A modern-day Gold Rush has been mining its way through the hills of West Marin, thanks to the oddball brilliance of one very smart iconoclast named Richard Kirschman.

I mention the Gold Rush because the key to Kirschman’s unique project is a gorgeous $3 coin that looks like gold, has the heft of a silver dollar and bears the knockout design of wildlife artist Keith Hansen.

 

West Marin’s $3 coin: A lot of money raised … without investment?

An Experiment Hits the Jackpot

Kirschman introduced the coin in 2010 when he asked retailers and restaurant owners to include it in the change they gave to customers. The coin is so stunning that most people asked about it, as they do today.

“They’re told it’s both a collector’s item and real money you can spend in West Marin,” Kirschman says. “We love it when they keep the coin as a souvenir, because that simple act of removing it from circulation will transfer its value of $2 (over cost) to local nonprofits.

Three bucks seems like a paltry amount, but Kirschman notes that 2.5 million tourists visit West Marin every year, and many do take it home — tens of thousands, in fact.

And no wonder: Etched into the brass are long-admired symbols of West Marin — the famous Point Reyes lighthouse, tule elk, California poppy, osprey, sand dollar, dairy cow, and more of the sightings one discovers along the famous rolling California hills.

From Zero to $50,000

From the beginning, Kirschman and his wife, editor Doris Ober, rarely kept an exact running count of the total donated. Too many coins were in circulation at any one time, and they wanted to keep administration simple anyway.

But this year, as a new member joins the board, Kirschman, 85, realized this astounding fact: Over the course of eight years, without anyone spending a dime, the $3 coin project has raised upwards of $50,000. And it’s all gone to good causes.
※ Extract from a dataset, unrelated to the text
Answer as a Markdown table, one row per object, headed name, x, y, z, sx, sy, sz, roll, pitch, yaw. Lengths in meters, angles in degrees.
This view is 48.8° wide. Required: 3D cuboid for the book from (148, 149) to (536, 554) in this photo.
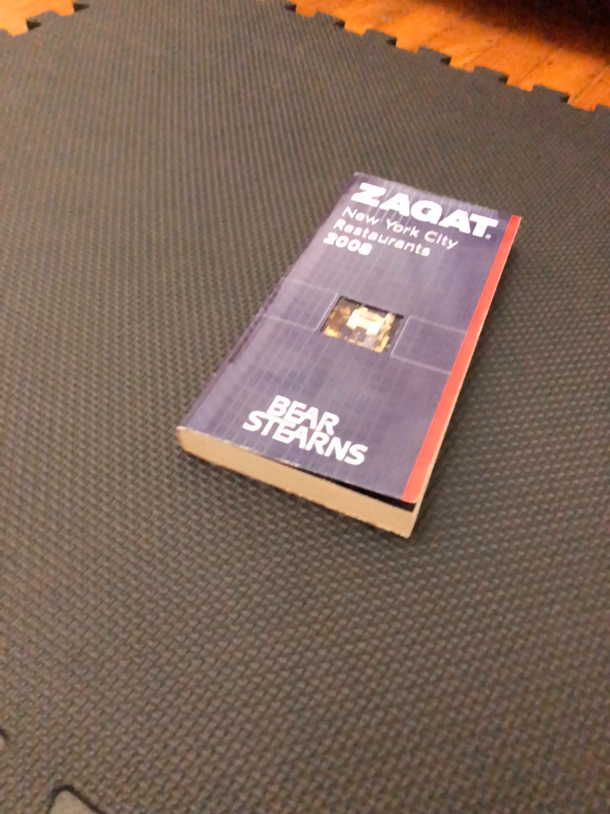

That’s not even the kicker to this story. Kirschman and Ober never really promoted the project to retailers in the ten communities. So now, with more active engagement, the coin’s true potential may be realized.

Names of the 10 communities right on the coin!

“It could earn twice, maybe five times as much, and in a shorter time frame,” Kirschman says. “Who knows? The coin’s motto after all is Strength in Community.”

He gets out his notepad to show what he means: “There are 2.5 million visitors coming through West Marin every year. If one out of ten took one coin home, it would leave $500,000 for local charities-every year.” So with a little effort, the total really could be stunning.

It Works and It Baffles

The only thing not in agreement about the $3-coin project, at least with non-economists like me, is exactly how it works.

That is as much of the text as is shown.